It’s very important to tell people our stories because we are hurting. It hurts. We lost our family and we didn’t bring that on. It was the Government. Why? We don’t know why. We’re just as human as everybody and we’re hurting. People in the past thought white man was superior but we all breathe the same air, have the same blood. He not better than me, that’s the way I see it. I’m as good as everyone else. I can do anything what they can do, you know.


Frank Byrne

Duration: 22:06

Yeah, hello, this is me Frank Byrne.  I born station called Christmas Creek, Western Australia in The Kimberleys.  My mother was Aboriginal women; her name was Maudie.  Her Aboriginal name was Yooringun and I had a good mother.  My father was a white fella named Jack Byrne and ... but I ... he actually wanted to marry my mother but in those days they wouldn’t let them so he had to go to another station to get a job.

[Frank’s Stepfather]

I had an old Aboriginal father who was married to my mother; his name was Lenbing; I don’t know what his Aboriginal name was but he was a good father to me and he worked like a white man, you know, he done all the roads and everything around Christmas Creek.
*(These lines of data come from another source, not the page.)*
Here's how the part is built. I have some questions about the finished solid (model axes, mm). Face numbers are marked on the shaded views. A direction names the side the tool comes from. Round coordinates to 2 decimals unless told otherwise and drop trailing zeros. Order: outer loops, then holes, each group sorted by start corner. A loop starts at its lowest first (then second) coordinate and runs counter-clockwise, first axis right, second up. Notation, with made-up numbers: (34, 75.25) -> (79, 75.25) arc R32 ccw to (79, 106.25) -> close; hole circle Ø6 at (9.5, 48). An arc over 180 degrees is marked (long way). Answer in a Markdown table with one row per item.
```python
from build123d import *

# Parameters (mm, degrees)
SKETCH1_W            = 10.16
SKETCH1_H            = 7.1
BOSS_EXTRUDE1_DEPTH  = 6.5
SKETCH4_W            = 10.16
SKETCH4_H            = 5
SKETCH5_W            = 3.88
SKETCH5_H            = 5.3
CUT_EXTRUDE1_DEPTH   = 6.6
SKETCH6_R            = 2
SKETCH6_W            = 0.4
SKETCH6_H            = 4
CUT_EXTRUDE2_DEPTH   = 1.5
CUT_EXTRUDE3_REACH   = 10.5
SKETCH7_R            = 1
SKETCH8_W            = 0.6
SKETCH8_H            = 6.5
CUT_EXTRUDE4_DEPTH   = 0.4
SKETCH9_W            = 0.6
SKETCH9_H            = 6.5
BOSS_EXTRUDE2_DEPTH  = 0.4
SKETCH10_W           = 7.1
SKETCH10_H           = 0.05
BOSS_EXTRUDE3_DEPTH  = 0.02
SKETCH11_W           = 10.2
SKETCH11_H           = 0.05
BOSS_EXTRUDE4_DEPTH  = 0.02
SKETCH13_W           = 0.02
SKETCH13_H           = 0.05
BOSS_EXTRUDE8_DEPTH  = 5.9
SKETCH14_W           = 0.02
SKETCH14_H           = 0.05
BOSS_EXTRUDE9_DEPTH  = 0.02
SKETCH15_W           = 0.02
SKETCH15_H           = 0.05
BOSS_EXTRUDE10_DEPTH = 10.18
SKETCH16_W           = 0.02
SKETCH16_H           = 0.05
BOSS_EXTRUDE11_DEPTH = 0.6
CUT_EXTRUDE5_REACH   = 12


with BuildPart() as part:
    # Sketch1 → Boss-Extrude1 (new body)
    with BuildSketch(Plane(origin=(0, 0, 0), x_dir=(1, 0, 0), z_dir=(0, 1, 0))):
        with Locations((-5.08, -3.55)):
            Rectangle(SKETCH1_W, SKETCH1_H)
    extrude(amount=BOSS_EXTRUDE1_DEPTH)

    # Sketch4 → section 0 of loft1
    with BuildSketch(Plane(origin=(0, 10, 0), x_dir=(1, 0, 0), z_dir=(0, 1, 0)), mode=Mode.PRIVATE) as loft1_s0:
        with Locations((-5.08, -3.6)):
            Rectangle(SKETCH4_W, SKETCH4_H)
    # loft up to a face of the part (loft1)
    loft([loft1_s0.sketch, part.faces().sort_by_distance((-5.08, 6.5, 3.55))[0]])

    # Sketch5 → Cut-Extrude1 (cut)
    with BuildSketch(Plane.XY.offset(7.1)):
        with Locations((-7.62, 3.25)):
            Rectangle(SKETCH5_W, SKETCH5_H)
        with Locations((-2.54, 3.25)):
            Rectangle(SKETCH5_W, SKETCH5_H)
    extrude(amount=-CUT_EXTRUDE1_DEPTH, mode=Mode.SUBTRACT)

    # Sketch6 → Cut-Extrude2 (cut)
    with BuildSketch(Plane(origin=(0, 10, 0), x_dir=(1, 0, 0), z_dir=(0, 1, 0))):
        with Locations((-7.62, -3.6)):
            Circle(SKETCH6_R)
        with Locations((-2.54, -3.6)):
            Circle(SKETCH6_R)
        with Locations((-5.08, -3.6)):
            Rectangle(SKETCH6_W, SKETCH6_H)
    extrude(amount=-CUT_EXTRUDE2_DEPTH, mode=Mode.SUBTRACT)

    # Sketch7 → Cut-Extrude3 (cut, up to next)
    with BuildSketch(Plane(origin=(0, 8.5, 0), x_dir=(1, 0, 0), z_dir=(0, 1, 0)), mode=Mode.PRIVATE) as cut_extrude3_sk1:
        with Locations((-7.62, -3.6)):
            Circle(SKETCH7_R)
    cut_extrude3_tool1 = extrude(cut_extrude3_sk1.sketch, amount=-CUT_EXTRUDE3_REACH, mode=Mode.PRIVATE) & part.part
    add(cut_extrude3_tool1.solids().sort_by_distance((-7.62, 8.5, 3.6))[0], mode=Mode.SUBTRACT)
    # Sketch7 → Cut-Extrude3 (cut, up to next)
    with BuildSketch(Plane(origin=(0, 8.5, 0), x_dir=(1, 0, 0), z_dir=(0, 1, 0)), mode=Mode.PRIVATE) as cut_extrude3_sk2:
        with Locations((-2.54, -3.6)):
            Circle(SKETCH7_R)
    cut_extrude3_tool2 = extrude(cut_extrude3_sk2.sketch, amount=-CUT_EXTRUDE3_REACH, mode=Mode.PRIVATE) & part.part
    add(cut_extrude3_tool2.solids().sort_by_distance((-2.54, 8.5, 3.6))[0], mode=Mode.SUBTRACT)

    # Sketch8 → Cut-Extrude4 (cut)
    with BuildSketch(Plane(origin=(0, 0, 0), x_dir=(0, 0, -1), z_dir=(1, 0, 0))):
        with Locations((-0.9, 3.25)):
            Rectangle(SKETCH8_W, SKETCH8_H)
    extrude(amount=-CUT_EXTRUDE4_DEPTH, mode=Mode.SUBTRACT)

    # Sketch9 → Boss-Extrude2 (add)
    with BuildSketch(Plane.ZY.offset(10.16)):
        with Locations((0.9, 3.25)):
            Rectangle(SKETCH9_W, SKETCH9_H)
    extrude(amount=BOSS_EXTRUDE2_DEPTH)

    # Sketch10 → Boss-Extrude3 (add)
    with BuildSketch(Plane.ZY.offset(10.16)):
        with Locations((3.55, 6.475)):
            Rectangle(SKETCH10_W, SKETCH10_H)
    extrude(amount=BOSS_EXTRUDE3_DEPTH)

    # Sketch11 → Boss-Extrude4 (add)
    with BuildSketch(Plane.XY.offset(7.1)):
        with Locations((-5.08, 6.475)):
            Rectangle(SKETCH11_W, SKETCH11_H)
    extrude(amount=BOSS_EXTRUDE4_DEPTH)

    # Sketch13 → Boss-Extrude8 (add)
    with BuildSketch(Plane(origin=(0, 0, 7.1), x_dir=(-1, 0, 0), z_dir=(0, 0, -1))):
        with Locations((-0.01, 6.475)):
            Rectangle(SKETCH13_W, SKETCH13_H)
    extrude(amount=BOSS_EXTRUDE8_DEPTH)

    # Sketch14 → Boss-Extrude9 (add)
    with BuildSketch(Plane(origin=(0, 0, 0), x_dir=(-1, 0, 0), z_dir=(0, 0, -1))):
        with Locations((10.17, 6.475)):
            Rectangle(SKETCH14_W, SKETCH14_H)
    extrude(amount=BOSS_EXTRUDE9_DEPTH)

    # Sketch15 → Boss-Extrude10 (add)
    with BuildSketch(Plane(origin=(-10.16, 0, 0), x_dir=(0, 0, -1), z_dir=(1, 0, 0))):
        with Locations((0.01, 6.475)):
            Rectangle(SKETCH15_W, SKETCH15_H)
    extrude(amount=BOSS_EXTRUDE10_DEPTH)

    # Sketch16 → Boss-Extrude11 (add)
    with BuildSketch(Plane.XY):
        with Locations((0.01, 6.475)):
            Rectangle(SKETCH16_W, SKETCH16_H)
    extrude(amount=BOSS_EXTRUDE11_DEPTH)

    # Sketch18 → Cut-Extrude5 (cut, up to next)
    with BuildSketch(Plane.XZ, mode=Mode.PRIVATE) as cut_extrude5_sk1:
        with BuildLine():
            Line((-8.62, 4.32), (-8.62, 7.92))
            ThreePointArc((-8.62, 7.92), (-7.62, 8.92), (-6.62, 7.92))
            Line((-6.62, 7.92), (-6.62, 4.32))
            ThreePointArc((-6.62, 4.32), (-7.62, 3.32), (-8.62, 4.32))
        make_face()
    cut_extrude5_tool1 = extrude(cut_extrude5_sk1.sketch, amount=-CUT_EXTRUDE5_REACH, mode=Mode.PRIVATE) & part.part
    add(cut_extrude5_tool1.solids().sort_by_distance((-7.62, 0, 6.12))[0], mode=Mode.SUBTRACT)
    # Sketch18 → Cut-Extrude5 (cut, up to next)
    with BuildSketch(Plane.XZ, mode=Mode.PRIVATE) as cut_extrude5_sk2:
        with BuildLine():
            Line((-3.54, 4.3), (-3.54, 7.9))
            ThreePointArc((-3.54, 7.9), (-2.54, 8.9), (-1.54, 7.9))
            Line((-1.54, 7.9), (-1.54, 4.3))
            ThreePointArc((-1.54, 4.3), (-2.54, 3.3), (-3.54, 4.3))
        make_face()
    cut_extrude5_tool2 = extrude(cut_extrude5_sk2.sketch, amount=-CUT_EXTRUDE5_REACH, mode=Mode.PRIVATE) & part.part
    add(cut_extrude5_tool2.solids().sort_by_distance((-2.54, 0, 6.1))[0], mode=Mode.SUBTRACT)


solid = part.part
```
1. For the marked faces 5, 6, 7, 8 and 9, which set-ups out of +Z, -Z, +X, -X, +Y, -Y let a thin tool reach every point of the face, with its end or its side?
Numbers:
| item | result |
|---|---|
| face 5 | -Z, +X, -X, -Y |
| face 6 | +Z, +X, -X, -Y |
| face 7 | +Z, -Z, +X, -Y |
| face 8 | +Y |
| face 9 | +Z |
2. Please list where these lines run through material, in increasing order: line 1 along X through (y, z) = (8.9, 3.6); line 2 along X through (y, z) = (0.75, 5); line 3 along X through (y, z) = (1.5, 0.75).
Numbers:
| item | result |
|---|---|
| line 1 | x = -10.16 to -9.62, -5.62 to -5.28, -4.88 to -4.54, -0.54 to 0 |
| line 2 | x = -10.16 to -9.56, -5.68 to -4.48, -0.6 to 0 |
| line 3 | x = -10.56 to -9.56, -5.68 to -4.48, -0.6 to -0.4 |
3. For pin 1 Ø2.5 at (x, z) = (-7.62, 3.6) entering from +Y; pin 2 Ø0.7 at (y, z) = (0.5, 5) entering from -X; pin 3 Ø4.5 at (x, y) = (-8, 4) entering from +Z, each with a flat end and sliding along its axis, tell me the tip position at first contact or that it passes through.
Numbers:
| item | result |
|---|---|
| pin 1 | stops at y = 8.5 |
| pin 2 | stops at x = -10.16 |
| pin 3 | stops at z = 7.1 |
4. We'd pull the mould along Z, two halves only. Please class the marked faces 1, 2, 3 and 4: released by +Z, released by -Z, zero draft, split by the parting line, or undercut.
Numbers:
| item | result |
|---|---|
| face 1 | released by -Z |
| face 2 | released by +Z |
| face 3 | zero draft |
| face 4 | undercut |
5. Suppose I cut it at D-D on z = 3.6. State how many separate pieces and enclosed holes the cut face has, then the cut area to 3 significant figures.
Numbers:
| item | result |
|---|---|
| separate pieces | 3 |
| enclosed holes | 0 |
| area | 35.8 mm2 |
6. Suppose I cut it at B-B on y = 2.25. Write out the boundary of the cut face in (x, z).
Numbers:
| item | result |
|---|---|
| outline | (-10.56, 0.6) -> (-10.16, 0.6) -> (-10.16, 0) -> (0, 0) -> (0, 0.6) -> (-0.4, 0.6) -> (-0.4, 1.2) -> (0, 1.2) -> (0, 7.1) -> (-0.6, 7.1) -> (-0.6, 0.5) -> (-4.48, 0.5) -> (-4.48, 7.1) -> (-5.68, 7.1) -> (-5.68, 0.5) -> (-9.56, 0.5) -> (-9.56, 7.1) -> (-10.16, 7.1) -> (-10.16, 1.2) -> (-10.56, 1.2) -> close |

[Memories from Christmas Creek]

The old fellow he used to kill emus or turkey or ... he never kill a goanna; he never kill a goanna because that was my agreement or whatever but the old fella, he wouldn’t kill them; we never ever had one while we were living with him anyway.  Anyway, we end up some ... we spend the most time at Fitzroy Crossing.  Old grandmother was there; we used to go down the creek or river, Fitzroy River and go fishing; we used to throw the line in, tie it to a tree and leave it there and we used to go back to camp and she used to tell me all the stories, I don’t know, you know, all these local stores.  And then she used to say “Go on, you go and look for ... look at the line there”, and we had a line of catfish about that big or, you know, however.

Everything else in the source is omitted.